:: Dataset excerpts ::
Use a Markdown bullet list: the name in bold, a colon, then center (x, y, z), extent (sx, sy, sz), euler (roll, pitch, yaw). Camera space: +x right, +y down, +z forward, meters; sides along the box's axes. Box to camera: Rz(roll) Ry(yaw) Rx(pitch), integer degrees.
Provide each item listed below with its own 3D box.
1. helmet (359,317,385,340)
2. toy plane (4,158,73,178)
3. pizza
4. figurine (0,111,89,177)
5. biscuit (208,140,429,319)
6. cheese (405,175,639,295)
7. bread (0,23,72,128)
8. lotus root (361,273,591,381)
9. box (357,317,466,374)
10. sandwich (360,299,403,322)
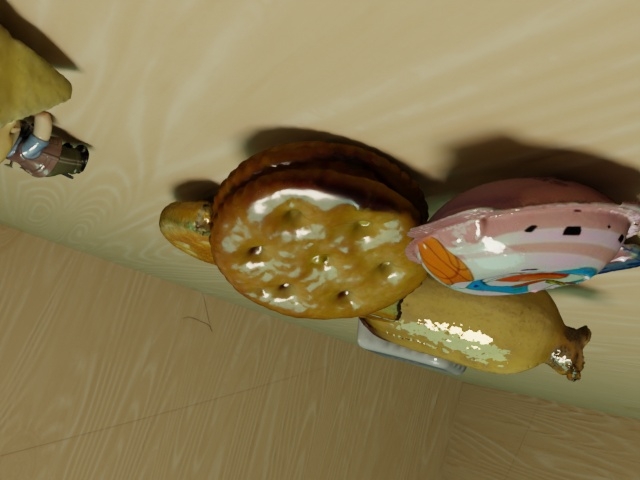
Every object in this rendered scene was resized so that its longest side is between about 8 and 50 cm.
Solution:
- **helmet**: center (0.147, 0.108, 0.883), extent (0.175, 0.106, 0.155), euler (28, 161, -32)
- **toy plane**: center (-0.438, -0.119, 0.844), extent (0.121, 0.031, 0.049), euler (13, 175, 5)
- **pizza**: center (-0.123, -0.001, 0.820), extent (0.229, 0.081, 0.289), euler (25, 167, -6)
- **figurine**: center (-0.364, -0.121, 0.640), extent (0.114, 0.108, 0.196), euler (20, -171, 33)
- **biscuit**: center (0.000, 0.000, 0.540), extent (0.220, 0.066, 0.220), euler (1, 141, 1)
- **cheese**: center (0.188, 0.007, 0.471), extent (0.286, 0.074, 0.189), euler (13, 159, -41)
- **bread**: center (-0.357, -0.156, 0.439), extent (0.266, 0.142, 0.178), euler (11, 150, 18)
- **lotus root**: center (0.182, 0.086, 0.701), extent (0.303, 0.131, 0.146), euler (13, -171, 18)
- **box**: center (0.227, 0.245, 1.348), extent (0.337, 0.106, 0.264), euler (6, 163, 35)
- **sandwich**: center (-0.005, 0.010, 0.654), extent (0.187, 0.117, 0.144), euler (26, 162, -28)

==

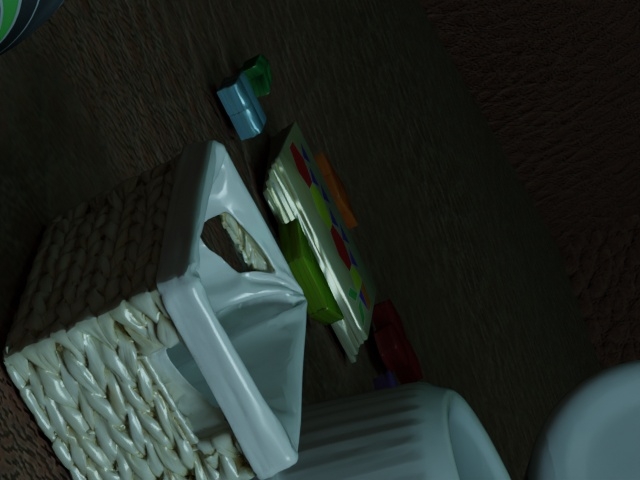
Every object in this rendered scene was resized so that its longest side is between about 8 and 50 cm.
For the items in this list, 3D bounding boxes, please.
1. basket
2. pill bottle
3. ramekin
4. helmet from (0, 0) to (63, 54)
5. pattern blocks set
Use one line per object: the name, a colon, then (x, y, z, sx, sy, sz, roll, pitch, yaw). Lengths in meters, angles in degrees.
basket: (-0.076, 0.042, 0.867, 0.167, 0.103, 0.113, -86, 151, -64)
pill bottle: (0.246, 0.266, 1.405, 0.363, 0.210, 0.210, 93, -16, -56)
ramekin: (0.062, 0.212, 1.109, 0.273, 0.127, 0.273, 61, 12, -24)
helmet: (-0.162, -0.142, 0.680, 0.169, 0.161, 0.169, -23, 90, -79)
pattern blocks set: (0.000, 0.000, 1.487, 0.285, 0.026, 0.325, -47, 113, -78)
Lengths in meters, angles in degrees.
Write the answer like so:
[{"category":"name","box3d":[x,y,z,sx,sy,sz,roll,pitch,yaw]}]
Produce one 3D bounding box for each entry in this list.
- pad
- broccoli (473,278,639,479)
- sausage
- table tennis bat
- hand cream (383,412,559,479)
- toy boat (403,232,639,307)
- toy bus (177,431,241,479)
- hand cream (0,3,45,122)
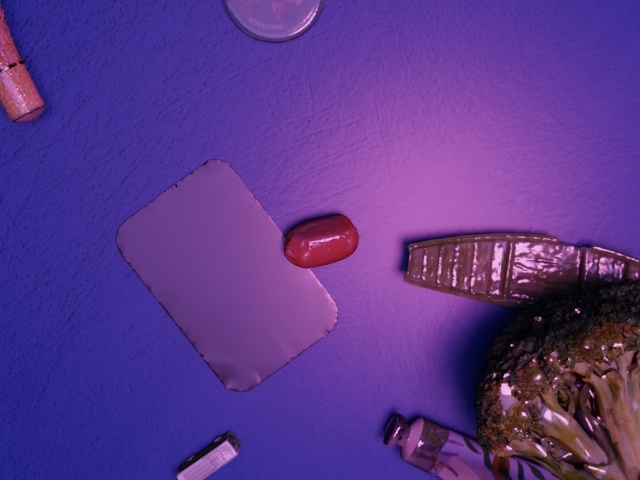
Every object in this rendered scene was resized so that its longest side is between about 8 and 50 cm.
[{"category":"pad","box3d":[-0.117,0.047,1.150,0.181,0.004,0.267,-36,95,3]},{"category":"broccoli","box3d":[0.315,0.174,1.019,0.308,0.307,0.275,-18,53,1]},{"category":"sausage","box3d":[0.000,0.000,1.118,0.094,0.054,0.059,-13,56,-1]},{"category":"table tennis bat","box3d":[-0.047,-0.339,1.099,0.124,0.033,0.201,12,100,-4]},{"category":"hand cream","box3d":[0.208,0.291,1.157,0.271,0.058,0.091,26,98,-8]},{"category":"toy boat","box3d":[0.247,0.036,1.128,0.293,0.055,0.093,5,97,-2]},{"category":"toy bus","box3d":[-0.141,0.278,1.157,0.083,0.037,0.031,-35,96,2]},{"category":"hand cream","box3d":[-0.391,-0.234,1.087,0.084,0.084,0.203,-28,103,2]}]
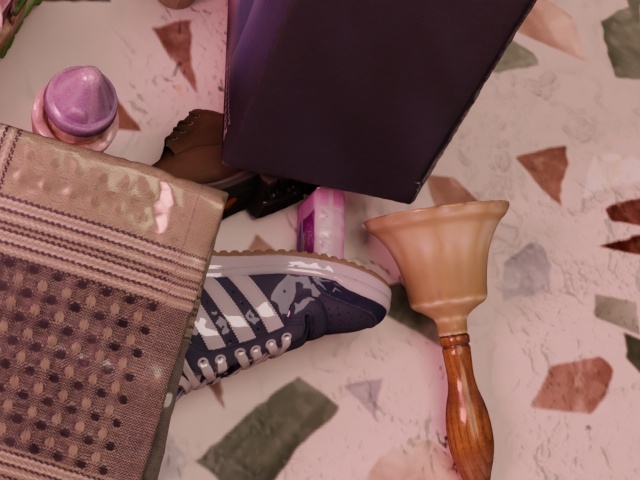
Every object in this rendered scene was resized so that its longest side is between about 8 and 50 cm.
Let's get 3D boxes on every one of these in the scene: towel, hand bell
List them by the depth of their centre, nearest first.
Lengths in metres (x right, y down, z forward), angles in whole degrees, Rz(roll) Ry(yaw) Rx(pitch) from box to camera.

:: Exercise details ::
Looking at the data above, how many lines hold the string "forward"? Reply with only the number.

:: Your response ::
2